Hal itu dikemukakan Siti Syamsiatun, penulis buku Pergolakan Putri Islam: Perkembangan Wacana Gender Nasyiatul Aisyiyah 1965-2005 (2016). Buku ini diterjemahkan oleh Aditya Pratama dari disertasi di Monash University dengan judul Serving Young Islamic Indonesian Women: the Development of Gender Discourse in Nasyiatul Aisyiyah 1965-2005.
Bedah buku sejarah Muhammadiyah ini diselenggarakan Majelis Pustaka dan Informasi PP Muhammadiyah secara online, Senin (12/7/2021) malam.
Syamsiatun menjelaskan, tulisannya berada dalam ranah kajian epistemologi feminis yang mengkritisi sejarah yang terlalu berpusat pada laki-laki. ”Sejarah seolah diposisikan selalu membicarakan aktor laki-laki,” katanya.

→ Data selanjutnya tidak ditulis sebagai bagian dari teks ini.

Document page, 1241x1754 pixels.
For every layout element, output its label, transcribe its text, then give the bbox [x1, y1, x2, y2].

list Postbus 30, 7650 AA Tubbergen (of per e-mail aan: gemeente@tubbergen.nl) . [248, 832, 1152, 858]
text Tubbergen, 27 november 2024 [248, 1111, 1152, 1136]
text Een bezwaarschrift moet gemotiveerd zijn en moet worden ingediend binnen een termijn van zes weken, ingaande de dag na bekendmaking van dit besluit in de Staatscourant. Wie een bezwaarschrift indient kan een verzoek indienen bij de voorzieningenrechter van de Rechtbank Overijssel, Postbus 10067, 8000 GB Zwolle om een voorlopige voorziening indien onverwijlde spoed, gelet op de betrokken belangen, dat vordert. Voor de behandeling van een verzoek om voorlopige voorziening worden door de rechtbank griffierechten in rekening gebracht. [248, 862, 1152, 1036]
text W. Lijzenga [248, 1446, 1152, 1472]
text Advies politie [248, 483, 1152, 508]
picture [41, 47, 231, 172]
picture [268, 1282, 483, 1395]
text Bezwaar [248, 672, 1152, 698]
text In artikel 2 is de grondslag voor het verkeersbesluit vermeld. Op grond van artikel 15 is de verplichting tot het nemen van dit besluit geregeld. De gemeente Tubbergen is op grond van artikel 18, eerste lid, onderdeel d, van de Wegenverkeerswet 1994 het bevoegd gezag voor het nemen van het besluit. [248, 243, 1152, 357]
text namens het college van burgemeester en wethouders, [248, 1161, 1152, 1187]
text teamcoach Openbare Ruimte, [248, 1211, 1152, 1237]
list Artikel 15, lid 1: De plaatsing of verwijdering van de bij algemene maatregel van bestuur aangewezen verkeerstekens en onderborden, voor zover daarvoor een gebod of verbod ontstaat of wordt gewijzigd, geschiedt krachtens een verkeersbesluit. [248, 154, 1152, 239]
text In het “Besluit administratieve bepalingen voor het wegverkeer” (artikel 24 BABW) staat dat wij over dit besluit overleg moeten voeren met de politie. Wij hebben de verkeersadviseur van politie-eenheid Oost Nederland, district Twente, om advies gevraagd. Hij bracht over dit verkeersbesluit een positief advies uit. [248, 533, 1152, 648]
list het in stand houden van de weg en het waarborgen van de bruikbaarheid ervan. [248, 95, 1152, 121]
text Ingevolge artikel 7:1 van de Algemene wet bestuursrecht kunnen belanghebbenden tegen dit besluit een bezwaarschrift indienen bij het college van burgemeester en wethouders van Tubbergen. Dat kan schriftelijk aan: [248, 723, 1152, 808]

Fakta ini, misalnya, terlihat dalam The Religion of Java, yang menurut Syamsiatun, Clifford Geertz banyak mendeskripsikan tentang aktivitas laki-laki.

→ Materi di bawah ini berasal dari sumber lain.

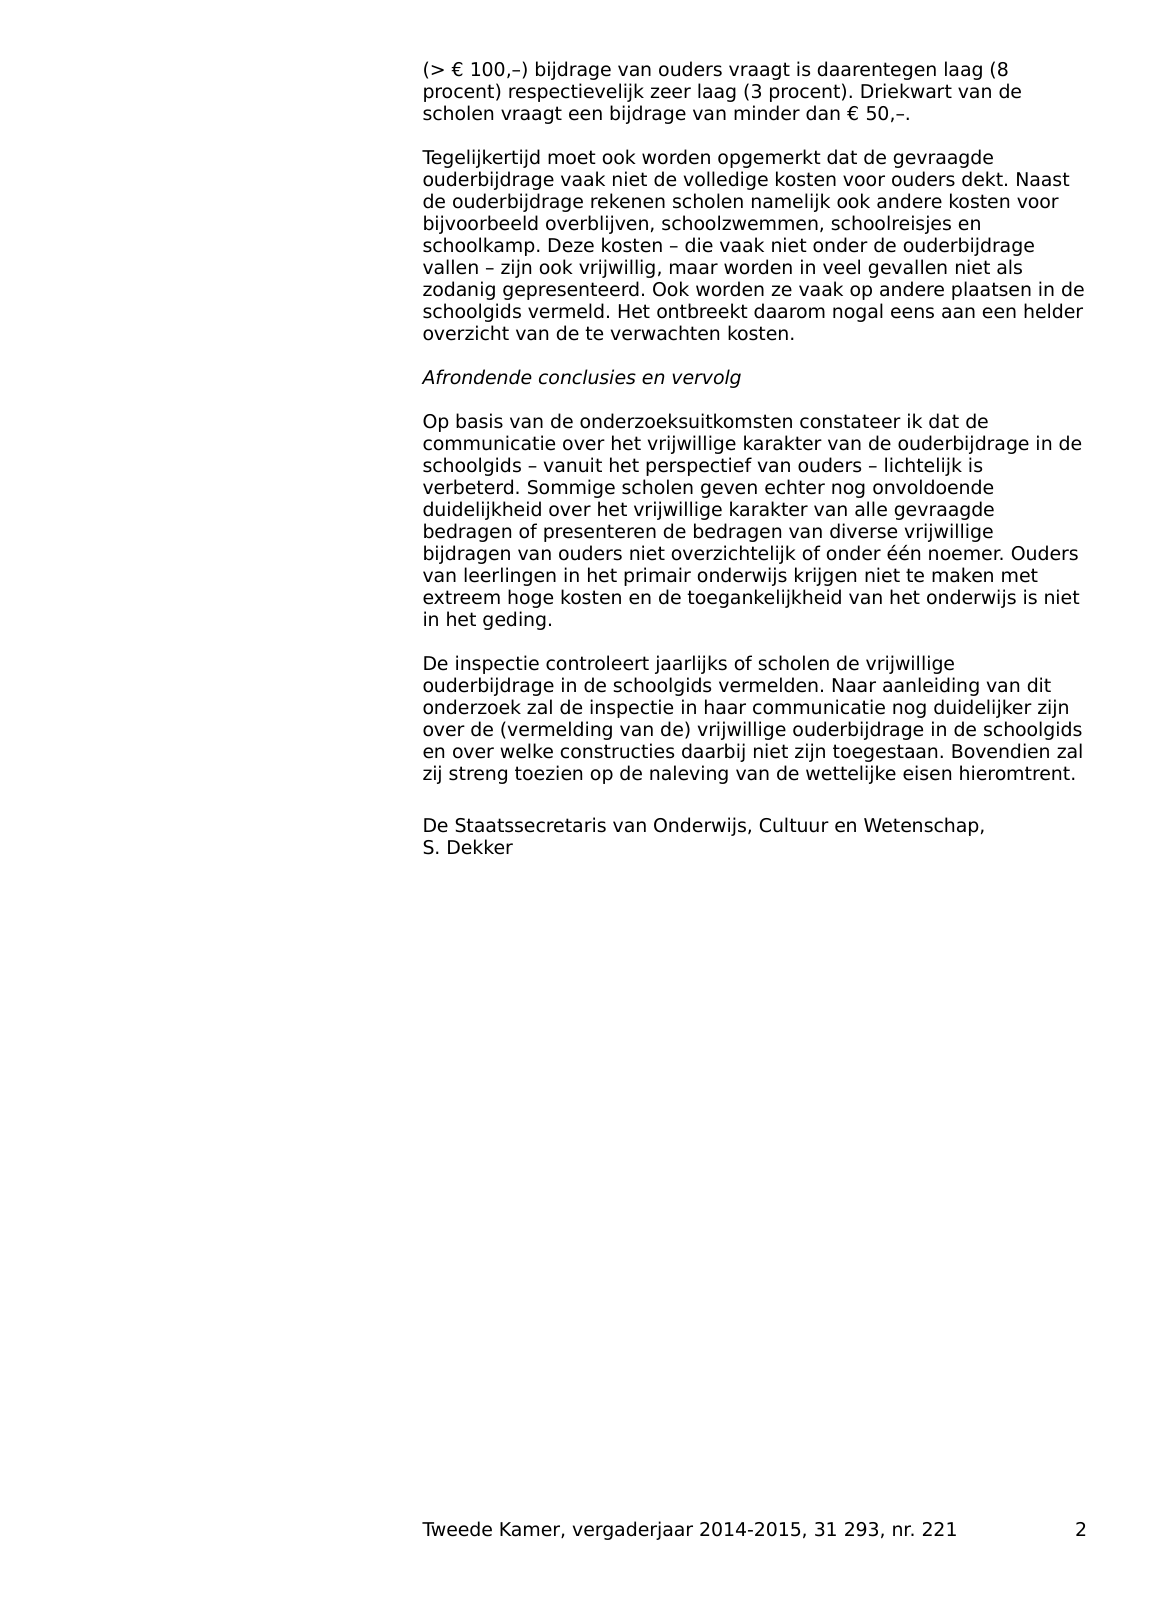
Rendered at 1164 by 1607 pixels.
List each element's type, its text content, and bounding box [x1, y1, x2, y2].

text De Staatssecretaris van Onderwijs, Cultuur en Wetenschap, S. Dekker [422, 815, 1087, 859]
text Tegelijkertijd moet ook worden opgemerkt dat de gevraagde ouderbijdrage vaak niet de volledige kosten voor ouders dekt. Naast de ouderbijdrage rekenen scholen namelijk ook andere kosten voor bijvoorbeeld overblijven, schoolzwemmen, schoolreisjes en schoolkamp. Deze kosten – die vaak niet onder de ouderbijdrage vallen – zijn ook vrijwillig, maar worden in veel gevallen niet als zodanig gepresenteerd. Ook worden ze vaak op andere plaatsen in de schoolgids vermeld. Het ontbreekt daarom nogal eens aan een helder overzicht van de te verwachten kosten. [422, 147, 1087, 345]
text Op basis van de onderzoeksuitkomsten constateer ik dat de communicatie over het vrijwillige karakter van de ouderbijdrage in de schoolgids – vanuit het perspectief van ouders – lichtelijk is verbeterd. Sommige scholen geven echter nog onvoldoende duidelijkheid over het vrijwillige karakter van alle gevraagde bedragen of presenteren de bedragen van diverse vrijwillige bijdragen van ouders niet overzichtelijk of onder één noemer. Ouders van leerlingen in het primair onderwijs krijgen niet te maken met extreem hoge kosten en de toegankelijkheid van het onderwijs is niet in het geding. [422, 411, 1087, 631]
text (> € 100,–) bijdrage van ouders vraagt is daarentegen laag (8 procent) respectievelijk zeer laag (3 procent). Driekwart van de scholen vraagt een bijdrage van minder dan € 50,–. [422, 59, 1087, 125]
subtitle Afrondende conclusies en vervolg [422, 367, 1087, 389]
text De inspectie controleert jaarlijks of scholen de vrijwillige ouderbijdrage in de schoolgids vermelden. Naar aanleiding van dit onderzoek zal de inspectie in haar communicatie nog duidelijker zijn over de (vermelding van de) vrijwillige ouderbijdrage in de schoolgids en over welke constructies daarbij niet zijn toegestaan. Bovendien zal zij streng toezien op de naleving van de wettelijke eisen hieromtrent. [422, 653, 1087, 785]
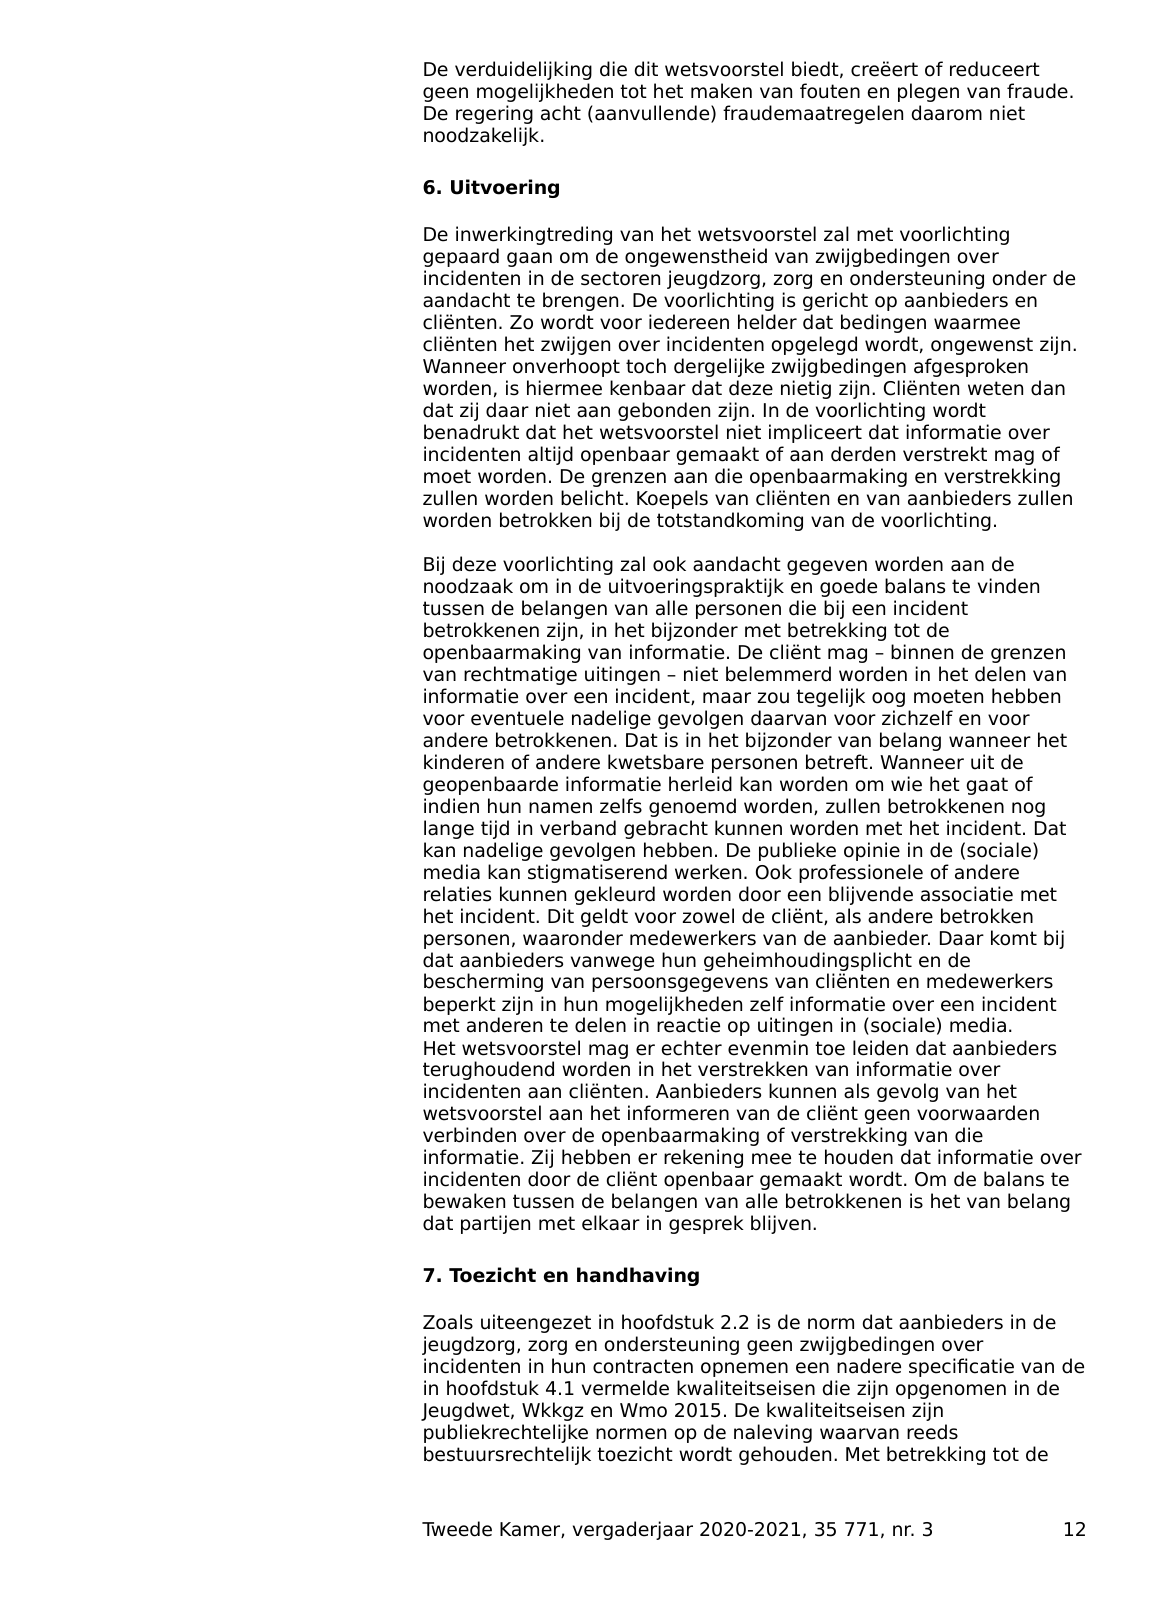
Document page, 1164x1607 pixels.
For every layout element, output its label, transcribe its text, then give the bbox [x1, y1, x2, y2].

text Zoals uiteengezet in hoofdstuk 2.2 is de norm dat aanbieders in de jeugdzorg, zorg en ondersteuning geen zwijgbedingen over incidenten in hun contracten opnemen een nadere specificatie van de in hoofdstuk 4.1 vermelde kwaliteitseisen die zijn opgenomen in de Jeugdwet, Wkkgz en Wmo 2015. De kwaliteitseisen zijn publiekrechtelijke normen op de naleving waarvan reeds bestuursrechtelijk toezicht wordt gehouden. Met betrekking tot de [422, 1312, 1087, 1466]
text Het wetsvoorstel mag er echter evenmin toe leiden dat aanbieders terughoudend worden in het verstrekken van informatie over incidenten aan cliënten. Aanbieders kunnen als gevolg van het wetsvoorstel aan het informeren van de cliënt geen voorwaarden verbinden over de openbaarmaking of verstrekking van die informatie. Zij hebben er rekening mee te houden dat informatie over incidenten door de cliënt openbaar gemaakt wordt. Om de balans te bewaken tussen de belangen van alle betrokkenen is het van belang dat partijen met elkaar in gesprek blijven. [422, 1037, 1087, 1235]
text De verduidelijking die dit wetsvoorstel biedt, creëert of reduceert geen mogelijkheden tot het maken van fouten en plegen van fraude. De regering acht (aanvullende) fraudemaatregelen daarom niet noodzakelijk. [422, 59, 1087, 147]
text Bij deze voorlichting zal ook aandacht gegeven worden aan de noodzaak om in de uitvoeringspraktijk en goede balans te vinden tussen de belangen van alle personen die bij een incident betrokkenen zijn, in het bijzonder met betrekking tot de openbaarmaking van informatie. De cliënt mag – binnen de grenzen van rechtmatige uitingen – niet belemmerd worden in het delen van informatie over een incident, maar zou tegelijk oog moeten hebben voor eventuele nadelige gevolgen daarvan voor zichzelf en voor andere betrokkenen. Dat is in het bijzonder van belang wanneer het kinderen of andere kwetsbare personen betreft. Wanneer uit de geopenbaarde informatie herleid kan worden om wie het gaat of indien hun namen zelfs genoemd worden, zullen betrokkenen nog lange tijd in verband gebracht kunnen worden met het incident. Dat kan nadelige gevolgen hebben. De publieke opinie in de (sociale) media kan stigmatiserend werken. Ook professionele of andere relaties kunnen gekleurd worden door een blijvende associatie met het incident. Dit geldt voor zowel de cliënt, als andere betrokken personen, waaronder medewerkers van de aanbieder. Daar komt bij dat aanbieders vanwege hun geheimhoudingsplicht en de bescherming van persoonsgegevens van cliënten en medewerkers beperkt zijn in hun mogelijkheden zelf informatie over een incident met anderen te delen in reactie op uitingen in (sociale) media. [422, 554, 1087, 1037]
text De inwerkingtreding van het wetsvoorstel zal met voorlichting gepaard gaan om de ongewenstheid van zwijgbedingen over incidenten in de sectoren jeugdzorg, zorg en ondersteuning onder de aandacht te brengen. De voorlichting is gericht op aanbieders en cliënten. Zo wordt voor iedereen helder dat bedingen waarmee cliënten het zwijgen over incidenten opgelegd wordt, ongewenst zijn. Wanneer onverhoopt toch dergelijke zwijgbedingen afgesproken worden, is hiermee kenbaar dat deze nietig zijn. Cliënten weten dan dat zij daar niet aan gebonden zijn. In de voorlichting wordt benadrukt dat het wetsvoorstel niet impliceert dat informatie over incidenten altijd openbaar gemaakt of aan derden verstrekt mag of moet worden. De grenzen aan die openbaarmaking en verstrekking zullen worden belicht. Koepels van cliënten en van aanbieders zullen worden betrokken bij de totstandkoming van de voorlichting. [422, 224, 1087, 532]
subtitle 7. Toezicht en handhaving [422, 1265, 1087, 1287]
subtitle 6. Uitvoering [422, 177, 1087, 199]

Dia menempuh beberapa langkah kerja akademik untuk penelitiannya. Pertama, membuat empirisisme feminis, membuat apa yang dibuat perempuan tampak nyata, bermanfaat, dan punya makna.
Kedua, dengan empirisme feminis, sumber pengetahuan tidak hanya laki-laki dan tidak selalu harus objektif, tetapi juga perasaan-perasaan perempuan juga dapat menjadi soft of knowlegde. Ilmu itu sangat tergantung dengan konteks. Pemaknaan terhadap fakta bisa sangat subjektif.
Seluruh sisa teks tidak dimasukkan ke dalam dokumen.